Let $S=\{-m + {1\over n}\}$ where $m ,n \in \mathbb N$ , and prove that $\{-1,1\}$ are the limit points.
My approach : I understand what a limit point is - that every neighbourhood of the point contain some point of Set $S$.
if $n\to\infty$ and $m=1$ then surely $-1$ is the limit point as every neighborhood of $-1$ should contain some point of $S$.
I am not able to prove the same for $1$ , as I can find a neighborhood $[0.5,2]$ which has no element of $S$.

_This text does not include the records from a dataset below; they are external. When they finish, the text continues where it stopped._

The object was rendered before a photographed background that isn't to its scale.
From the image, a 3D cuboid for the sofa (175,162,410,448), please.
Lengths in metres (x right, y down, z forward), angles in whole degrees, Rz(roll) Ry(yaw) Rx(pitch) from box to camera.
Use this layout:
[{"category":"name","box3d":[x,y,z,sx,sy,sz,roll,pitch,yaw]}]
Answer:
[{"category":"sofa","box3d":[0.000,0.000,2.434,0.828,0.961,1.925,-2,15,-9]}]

Is my logic correct? also how do I develop a mathematically rigorous proof of same?
The set $L$ of limit points of $S$ is $-\mathbb N = \{-m : m \in \mathbb{N}\}$.
Indeed, $x_n = -m + \frac{1}{n}$ converges to $-m$.

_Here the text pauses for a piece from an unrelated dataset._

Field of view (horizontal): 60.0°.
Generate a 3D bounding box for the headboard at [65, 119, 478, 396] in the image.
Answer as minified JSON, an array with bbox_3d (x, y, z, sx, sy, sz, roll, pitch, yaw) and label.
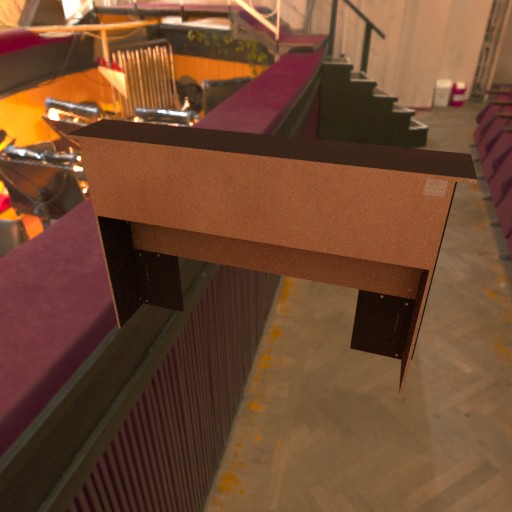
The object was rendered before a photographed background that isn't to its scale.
[{"bbox_3d":[0.000,0.000,2.121,1.671,1.092,0.279,10,33,15],"label":"headboard"}]

Indeed, let $a \in L$. Note that $S \subseteq \bigcup_{m \in \mathbb N} J_m$, where $J_m=[-m,-m+1)$ are disjoint intervals. Therefore, there is exactly one interval $J_m$ containing $a$. But in $J_m$ the elements of $S$ form a monotone sequence converging to $-m$. Therefore, $a=-m \in -\mathbb N$.